DESCRIPTION OF RELATED ARTADHD is one of the most prevalent pediatric neurodevelopmental diseases in children, and the primary features of ADHD include inattention and hyperactive-impulsive behavior. According to a national parent survey conducted in 2016, the projected number of children diagnosed with ADHD in the United States alone is approximately 6.1 million, representing about 9.4% of all children between the ages of 2 and 17. Specifically, approximately 0.4 million children between the ages of 2 and 5, approximately 2.4 million children between the ages of 6 and 11, and approximately 3.3 million children between the ages of 12 and 17 belong to this group and suffer from the ADHD symptoms.
ADHD symptoms generally appear before the age of 12, and in some children, they are noticeable as early as 3 years of age. ADHD symptoms can be mild, moderate, or severe, and they may continue into adulthood. Children with ADHD may also suffer low self-esteem, strained relationships, and poor academic achievement. Although the severity of the ADHD symptoms may reduce as they become older, some people may never fully recover from the ADHD symptoms.
To treat the ADHD symptoms, medications as well as behavioral and developmental interventions can be used. While these treatments may not fully cure ADHD, they can significantly reduce the severity of the ADHD symptoms and help patients to effectively cope with the disease to improve the quality of their lives. Further, early detection and treatment can have a significant impact on the treatment result.

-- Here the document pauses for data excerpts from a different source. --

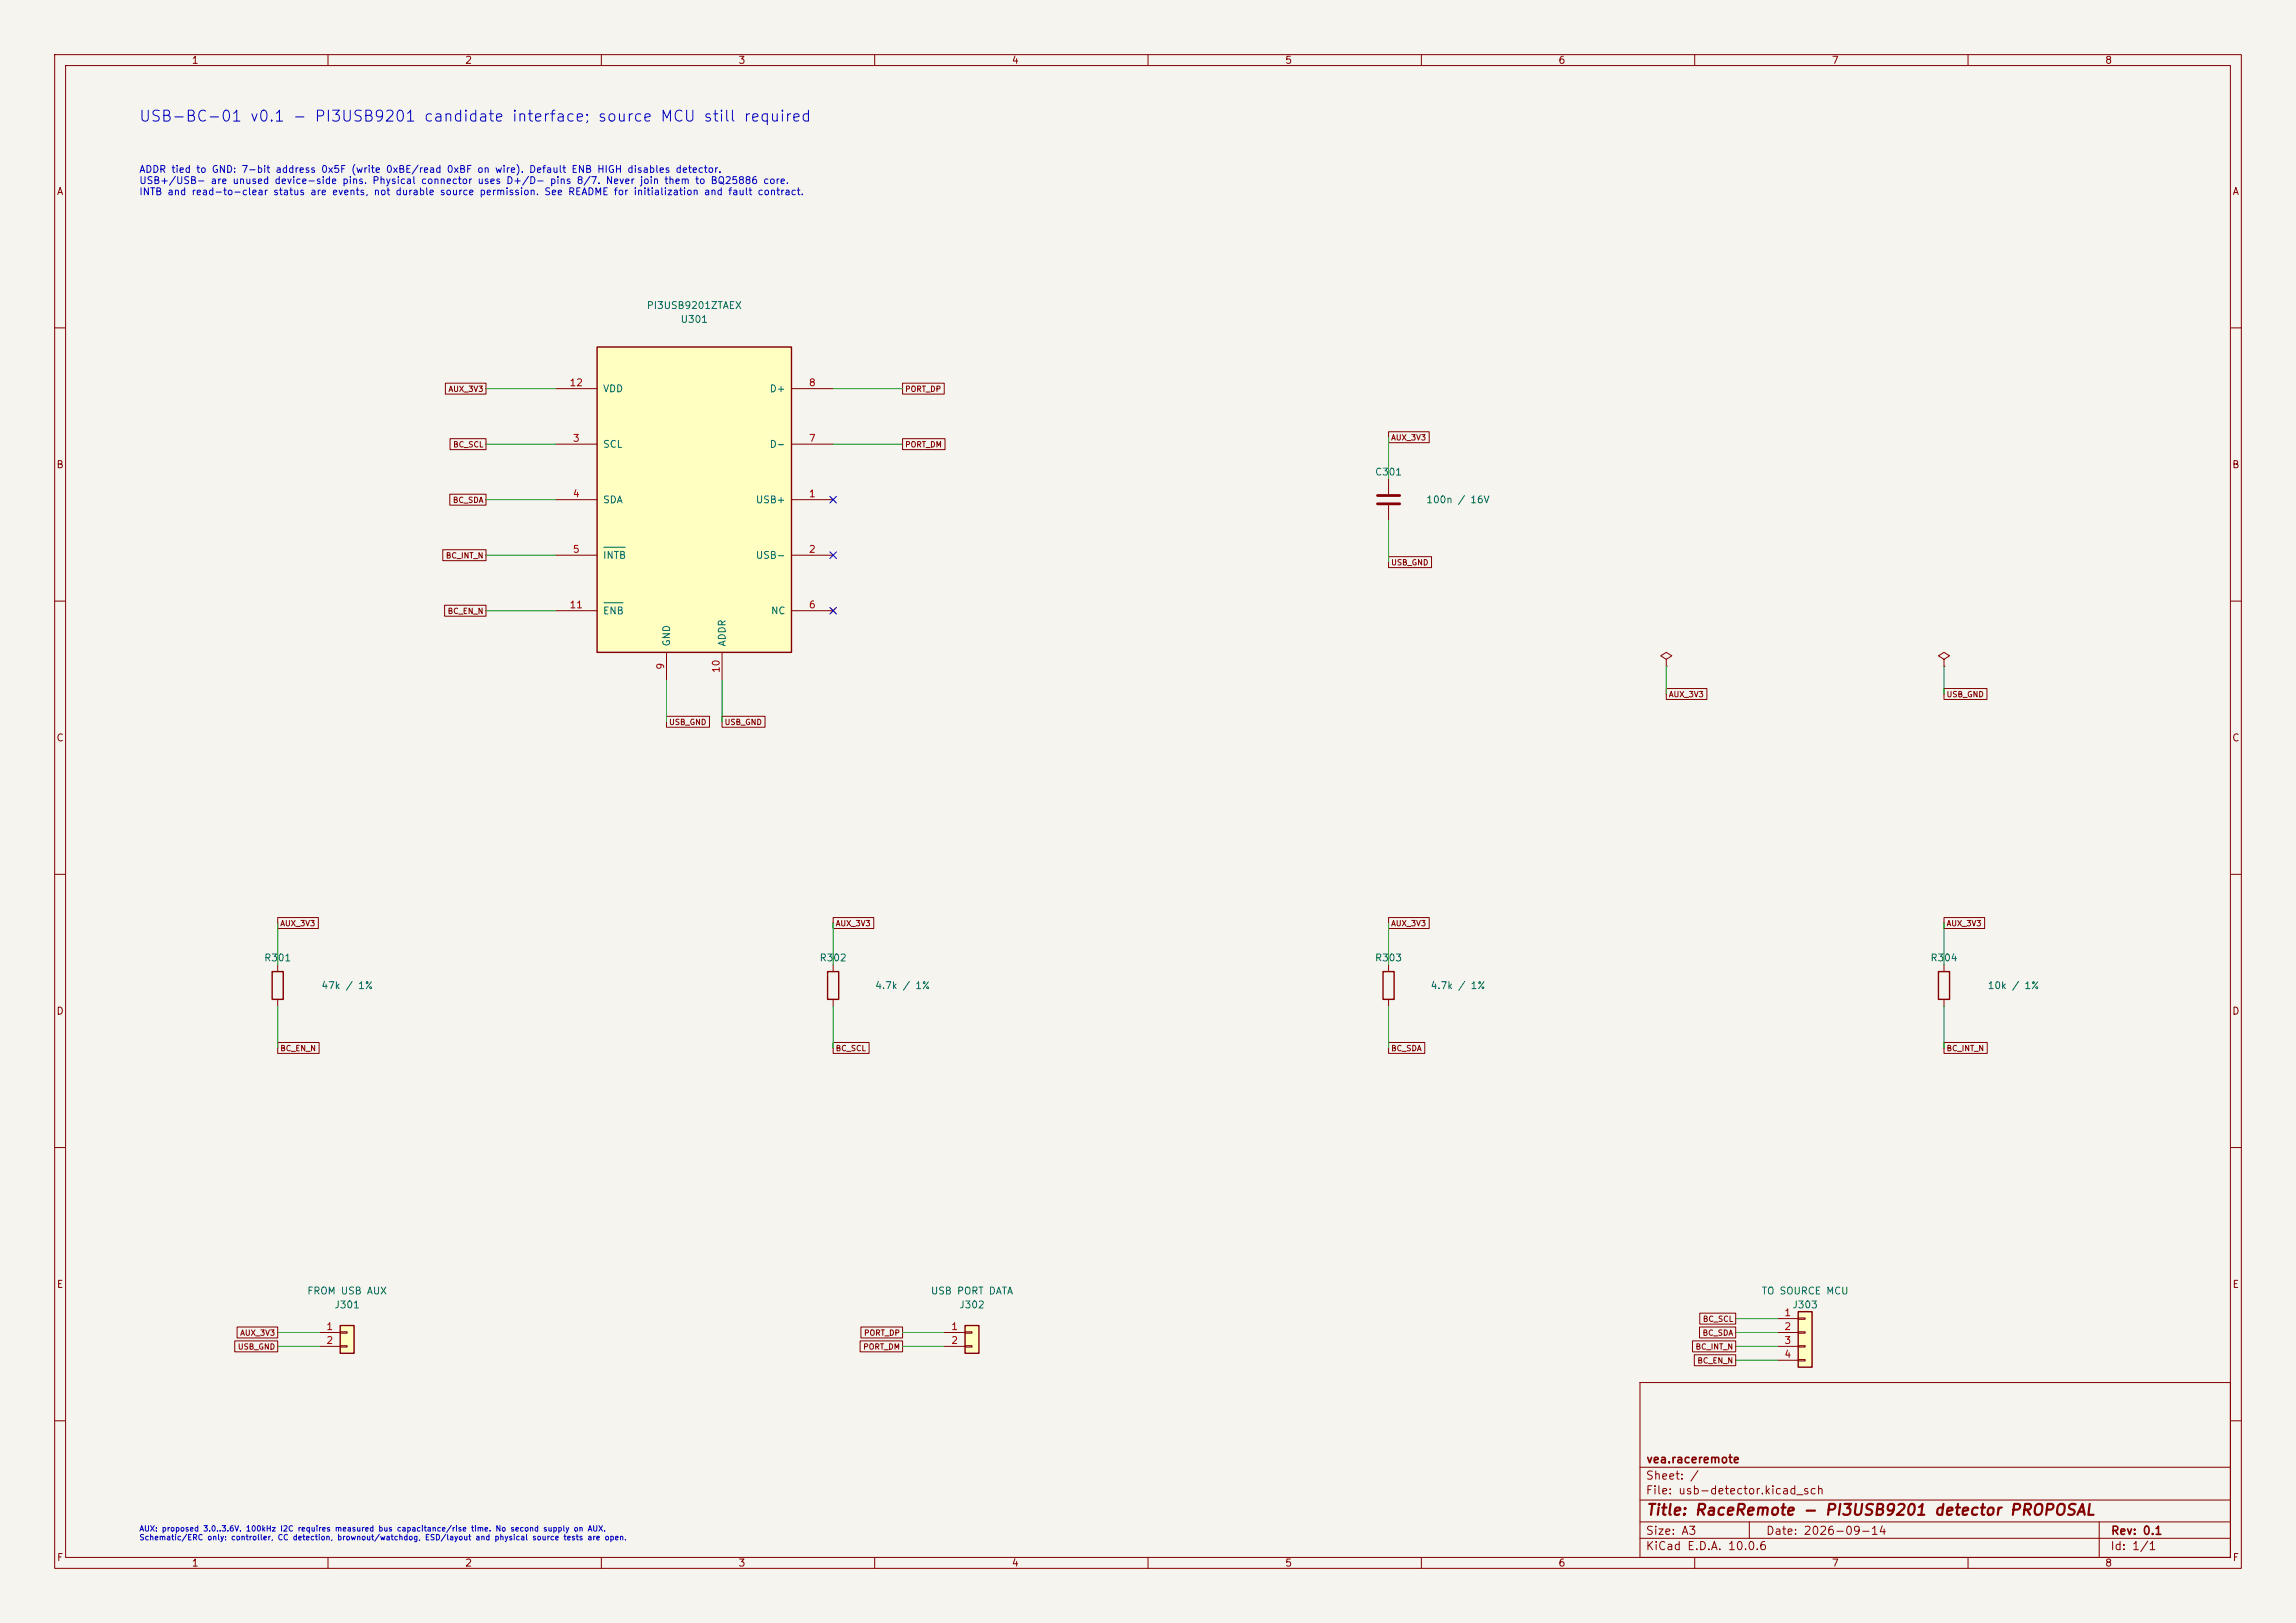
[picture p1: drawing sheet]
<svg xmlns="http://www.w3.org/2000/svg" width="420mm" height="297mm" viewBox="0 0 420 297" stroke-linecap="round" stroke-linejoin="round" font-family="sans-serif">
<defs><g id="words">
<text font-size="2" fill="#0000c2" x="25.3" y="22.8">USB-BC-01 v0.1 - PI3USB9201 candidate interface; source MCU still required</text>
<text font-size="2" fill="#840000" x="301" y="277.8">Title: RaceRemote - PI3USB9201 detector PROPOSAL</text>
<g font-size="1.5" fill="#840000">
<text x="301" y="268.1">vea.raceremote</text>
<text x="300.9" y="273.8">File: usb-detector.kicad_sch</text>
<text x="300.9" y="271.1">Sheet: /</text>
<text x="300.9" y="281.2">Size: A3</text>
<text x="322.9" y="281.2">Date: 2026-09-14</text>
<text x="386" y="281.2">Rev: 0.1</text>
<text x="300.9" y="284">KiCad E.D.A. 10.0.6</text>
<text x="385.9" y="284">Id: 1/1</text>
</g>
<g font-size="1.3" fill="#840000">
<text x="35" y="12">1</text>
<text x="85" y="12">2</text>
<text x="135" y="12">3</text>
<text x="185" y="12">4</text>
<text x="235" y="12">5</text>
<text x="285" y="12">6</text>
<text x="335" y="12">7</text>
<text x="385" y="12">8</text>
<text x="10.3" y="36">A</text>
<text x="408.3" y="36">A</text>
<text x="10.2" y="86">B</text>
<text x="408.2" y="86">B</text>
<text x="10.2" y="136">C</text>
<text x="408.2" y="136">C</text>
<text x="10.2" y="186">D</text>
<text x="408.2" y="186">D</text>
<text x="10.3" y="236">E</text>
<text x="408.3" y="236">E</text>
<text x="10.3" y="286">F</text>
<text x="35" y="287">1</text>
<text x="85" y="287">2</text>
<text x="135" y="287">3</text>
<text x="185" y="287">4</text>
<text x="235" y="287">5</text>
<text x="285" y="287">6</text>
<text x="335" y="287">7</text>
<text x="385" y="287">8</text>
<text x="408.3" y="286">F</text>
</g>
<g font-size="1.3" fill="#0000c2">
<text x="25.4" y="31.9">ADDR tied to GND: 7-bit address 0x5F (write 0xBE/read 0xBF on wire). Default ENB HIGH disables detector.</text>
<text x="25.4" y="34">USB+/USB- are unused device-side pins. Physical connector uses D+/D- pins 8/7. Never join them to BQ25886 core.</text>
<text x="25.4" y="36">INTB and read-to-clear status are events, not durable source permission. See README for initialization and fault contract.</text>
</g>
<g font-size="1.3" fill="#006464">
<text x="118.2" y="56.8">PI3USB9201ZTAEX</text>
<text x="124.4" y="59.4">U301</text>
<text x="110.2" y="72.1">VDD</text>
<text x="140.7" y="72.1">D+</text>
<text x="110.2" y="82.2">SCL</text>
<text x="140.7" y="82.2">D-</text>
<text x="251.4" y="87.3">C301</text>
<text x="110.2" y="92.4">SDA</text>
<text x="138.2" y="92.4">USB+</text>
<text x="260.8" y="92.4">100n / 16V</text>
<text x="110.2" y="102.6">INTB</text>
<text x="138.2" y="102.6">USB-</text>
<text x="110.2" y="112.7">ENB</text>
<text x="140.9" y="112.7">NC</text>
<text x="122.9" y="118.4" transform="rotate(-90 122.9 118.4)">GND</text>
<text x="133" y="118.4" transform="rotate(-90 133 118.4)">ADDR</text>
<text x="48.2" y="176.2">R301</text>
<text x="149.8" y="176.2">R302</text>
<text x="251.4" y="176.2">R303</text>
<text x="353" y="176.2">R304</text>
<text x="58.7" y="181.3">47k / 1%</text>
<text x="160" y="181.3">4.7k / 1%</text>
<text x="261.6" y="181.3">4.7k / 1%</text>
<text x="363.5" y="181.3">10k / 1%</text>
<text x="56.1" y="237.2">FROM USB AUX</text>
<text x="61.1" y="239.7">J301</text>
<text x="170.2" y="237.2">USB PORT DATA</text>
<text x="175.4" y="239.7">J302</text>
<text x="322.2" y="237.2">TO SOURCE MCU</text>
<text x="327.8" y="239.7">J303</text>
</g>
<g font-size="1.3" fill="#a90000">
<text x="104.1" y="71">12</text>
<text x="147.9" y="71">8</text>
<text x="104.7" y="81.1">3</text>
<text x="147.9" y="81.1">7</text>
<text x="104.7" y="91.3">4</text>
<text x="147.9" y="91.3">1</text>
<text x="104.7" y="101.5">5</text>
<text x="147.9" y="101.5">2</text>
<text x="104.1" y="111.6">11</text>
<text x="147.9" y="111.6">6</text>
<text x="121.8" y="122.7" transform="rotate(-90 121.8 122.7)">9</text>
<text x="131.9" y="123.3" transform="rotate(-90 131.9 123.3)">10</text>
<text x="59.6" y="243.7">1</text>
<text x="173.9" y="243.7">1</text>
<text x="326.3" y="241.2">1</text>
<text x="326.3" y="243.7">2</text>
<text x="59.6" y="246.2">2</text>
<text x="173.9" y="246.2">2</text>
<text x="326.3" y="246.2">3</text>
<text x="326.3" y="248.8">4</text>
</g>
<g font-size="1" fill="#840000">
<text x="81.9" y="71.9">AUX_3V3</text>
<text x="165.5" y="71.9">PORT_DP</text>
<text x="82.8" y="82.1">BC_SCL</text>
<text x="165.5" y="82.1">PORT_DM</text>
<text x="254.4" y="80.8">AUX_3V3</text>
<text x="82.8" y="92.3">BC_SDA</text>
<text x="81.5" y="102.4">BC_INT_N</text>
<text x="254.4" y="103.7">USB_GND</text>
<text x="81.8" y="112.6">BC_EN_N</text>
<text x="305.2" y="127.8">AUX_3V3</text>
<text x="356" y="127.8">USB_GND</text>
<text x="122.3" y="132.9">USB_GND</text>
<text x="132.5" y="132.9">USB_GND</text>
<text x="51.2" y="169.7">AUX_3V3</text>
<text x="152.8" y="169.7">AUX_3V3</text>
<text x="254.4" y="169.7">AUX_3V3</text>
<text x="356" y="169.7">AUX_3V3</text>
<text x="51.2" y="192.6">BC_EN_N</text>
<text x="152.8" y="192.6">BC_SCL</text>
<text x="254.4" y="192.6">BC_SDA</text>
<text x="356" y="192.6">BC_INT_N</text>
<text x="43.8" y="244.7">AUX_3V3</text>
<text x="158" y="244.7">PORT_DP</text>
<text x="311.4" y="244.7">BC_SDA</text>
<text x="311.4" y="242.1">BC_SCL</text>
<text x="43.4" y="247.2">USB_GND</text>
<text x="157.8" y="247.2">PORT_DM</text>
<text x="310.1" y="247.2">BC_INT_N</text>
<text x="310.4" y="249.7">BC_EN_N</text>
</g>
<g font-size="1" fill="#0000c2">
<text x="25.4" y="280.5">AUX: proposed 3.0..3.6V. 100kHz I2C requires measured bus capacitance/rise time. No second supply on AUX.</text>
<text x="25.4" y="282.1">Schematic/ERC only: controller, CC detection, brownout/watchdog, ESD/layout and physical source tests are open.</text>
</g>
</g></defs>
<path d="M0 0h420v297h-420z" fill="#f5f4ef" stroke="#f5f4ef" stroke-width=".18"/>
<g fill="none" stroke="#840000" stroke-width=".18">
<path d="M10 10h400v277h-400zM12 12h396v273h-396zM60 10v2M110 10v2M160 10v2M210 10v2M260 10v2M310 10v2M360 10v2M10 60h2M408 60h2M10 110h2"/>
<path d="M408 110h2M10 160h2M408 160h2M10 210h2M408 210h2M300 253h108v32h-108zM10 260h2M300 278.5h108M300 274.5h108M300 268.5h108M320 278.5v3M384 278.5v6.5"/>
<path d="M408 260h2M60 285v2M110 285v2M160 285v2M210 285v2M260 285v2M300 281.5h108M310 285v2M360 285v2"/>
</g>
<path d="M109.2 63.5h35.6v55.9h-35.6z" fill="#ffffc2"/>
<path d="M109.2 63.5h35.6v55.9h-35.6z" fill="none" stroke="#840000" stroke-width=".25"/>
<g fill="none" stroke="#840000" stroke-width=".18">
<path d="M101.6 71.1h7.6M144.8 71.1h7.6M101.6 91.4h7.6M101.6 81.3h7.6M144.8 91.4h7.6M144.8 81.3h7.6M254 87.6v2.8M254 92.5v2.8M101.6 101.6h7.6M101.6 111.8h7.6M121.9 119.4v5.1M132.1 119.4v5.1"/>
<path d="M144.8 101.6h7.6M144.8 111.8h7.6M152 111.4l.8 .7M152.8 111.4l-.8 .7"/>
</g>
<path d="M110.5 100.2h3.9M110.5 110.3h3.5" fill="none" stroke="#006464" stroke-width=".18"/>
<path d="M252 90.7h4M252 92.2h4" fill="none" stroke="#840000" stroke-width=".51"/>
<path d="M176.5 242.6h2.6v5h-2.6z" fill="#ffffc2"/>
<path d="M176.5 242.6h2.6v5h-2.6z" fill="none" stroke="#840000" stroke-width=".25"/>
<path d="M172.7 243.8h3.8M172.7 246.4h3.8M176.5 243.7h1.3v.3h-1.3zM176.5 246.3h1.3v.2h-1.3z" fill="none" stroke="#840000" stroke-width=".18"/>
<path d="M62.2 242.6h2.6v5h-2.6z" fill="#ffffc2"/>
<path d="M49.8 177.8h2v5.1h-2zM151.4 177.8h2v5.1h-2zM253 177.8h2v5.1h-2zM354.6 177.8h2v5.1h-2zM62.2 242.6h2.6v5h-2.6z" fill="none" stroke="#840000" stroke-width=".25"/>
<g fill="none" stroke="#840000" stroke-width=".18">
<path d="M304.8 120.7l1-.7-1-.6-1 .6 1 .7v1.2M304.8 121.9h.1M355.6 120.7l1-.7-1-.6-1 .6 1 .7v1.2M355.6 121.9h.1M50.8 176.5v1.3M152.4 176.5v1.3M254 176.5v1.3M355.6 176.5v1.3M50.8 182.9v1.3M152.4 182.9v1.3M254 182.9v1.3M355.6 182.9v1.3"/>
<path d="M58.4 243.8h3.8M58.4 246.4h3.8M62.2 243.7h1.3v.3h-1.3zM62.2 246.3h1.3v.2h-1.3z"/>
</g>
<path d="M328.9 240h2.6v10.2h-2.6z" fill="#ffffc2"/>
<path d="M328.9 240h2.6v10.2h-2.6z" fill="none" stroke="#840000" stroke-width=".25"/>
<g fill="none" stroke="#840000" stroke-width=".18">
<path d="M81.5 70.1h7.4v2h-7.4zM165.1 70.1h7.6v2h-7.6zM254 79h7.4v2h-7.4zM82.3 90.4h6.6v2h-6.6zM82.3 80.3h6.6v2h-6.6zM165.1 80.3h7.8v2h-7.8zM81 100.6h7.9v2h-7.9zM81.3 110.8h7.6v2h-7.6zM254 101.9h7.9v2h-7.9zM121.9 131.1h7.9v2h-7.9zM132.1 131.1h7.8v2h-7.8zM304.8 126h7.4v2h-7.4z"/>
<path d="M355.6 126h7.9v2h-7.9zM50.8 167.9h7.4v2h-7.4zM152.4 167.9h7.4v2h-7.4zM254 167.9h7.4v2h-7.4zM355.6 167.9h7.4v2h-7.4zM50.8 190.8h7.6v2h-7.6zM152.4 190.8h6.6v2h-6.6zM254 190.8h6.6v2h-6.6zM355.6 190.8h7.9v2h-7.9zM42.9 245.4h7.9v2h-7.9zM43.4 242.8h7.4v2h-7.4zM157.3 245.4h7.8v2h-7.8z"/>
<path d="M157.5 242.8h7.6v2h-7.6zM309.6 245.4h7.9v2h-7.9zM309.9 247.9h7.6v2h-7.6zM310.9 242.8h6.6v2h-6.6zM310.9 240.3h6.6v2h-6.6zM325.1 241.3h3.8M325.1 243.8h3.8M325.1 246.4h3.8M325.1 248.9h3.8M328.9 241.2h1.3v.2h-1.3zM328.9 243.7h1.3v.3h-1.3zM328.9 246.3h1.3v.2h-1.3z"/>
<path d="M328.9 248.8h1.3v.2h-1.3z"/>
</g>
<g fill="none" stroke="#009600" stroke-width=".18">
<path d="M88.9 71.1h12.7M152.4 71.1h12.7M88.9 81.3h12.7M88.9 91.4h12.7M152.4 81.3h12.7M254 80v7.6M254 95.3v7.6M88.9 101.6h12.7M88.9 111.8h12.7M121.9 124.5v7.6M132.1 124.5v7.6M304.8 121.9v5.1"/>
<path d="M355.6 121.9v5.1M50.8 168.9v7.6M152.4 168.9v7.6M254 168.9v7.6M355.6 168.9v7.6M50.8 184.2v7.6M152.4 184.2v7.6M254 184.2v7.6M355.6 184.2v7.6M50.8 246.4h7.6M50.8 243.8h7.6M165.1 246.4h7.6"/>
<path d="M165.1 243.8h7.6M317.5 246.4h7.6M317.5 243.8h7.6M317.5 248.9h7.6M317.5 241.3h7.6"/>
</g>
<path d="M151.8 90.8l1.2 1.2M153 90.8l-1.2 1.2M151.8 111.2l1.2 1.2M151.8 101l1.2 1.2M153 111.2l-1.2 1.2M153 101l-1.2 1.2" fill="none" stroke="#000084" stroke-width=".18"/>
<use href="#words"/>
</svg>

Currently, however, there is no simple, straightforward method for accurately diagnosing ADHD. Physicians and specialists generally use a variety of detailed assessment methods, often involving gathering and examining of detailed information from multiple sources, conducting physical, cognitive and/or behavioral tests, and interviewing patients and their family members. Therefore, there is a need for a simple diagnostic method that can detect ADHD faster and more accurately than the currently available diagnostic methods.
There have been a number of attempts by researchers to use machine learning and deep learning to diagnose ADHD. For example, Krouska et al. (Krouska, A. et al., “Deep Learning for Twitter Sentiment Analysis: The Effect of Pre-trained Word Embedding,”Learning and Analytics in Intelligent Systems,2020, pp. 111-124) used big data technologies to analyze vast numbers of Tweets for sentimental analysis, determining their polarity using a deep learning approach employing four well-known pre-trained word vectors: Google's Word2Vec, Stanford's Crawl GloVe, Stanford's Twitter GloVe, and Facebook's FastText. According to their study, deep learning outperformed typical machine learning algorithms for Tweets classification. Therefore, deep learning models were applied to three different famous Tweets-related datasets. The STS-Gold dataset was made up of random Tweets with no particular topic focus, whereas the OMD and HCR datasets included Tweets from specified topics. In terms of pre-trained word embeddings, FastText generated more consistent results across datasets, which was 83.65%, although Twitter GloVe obtained very high accuracy rates despite its lower dimensionality.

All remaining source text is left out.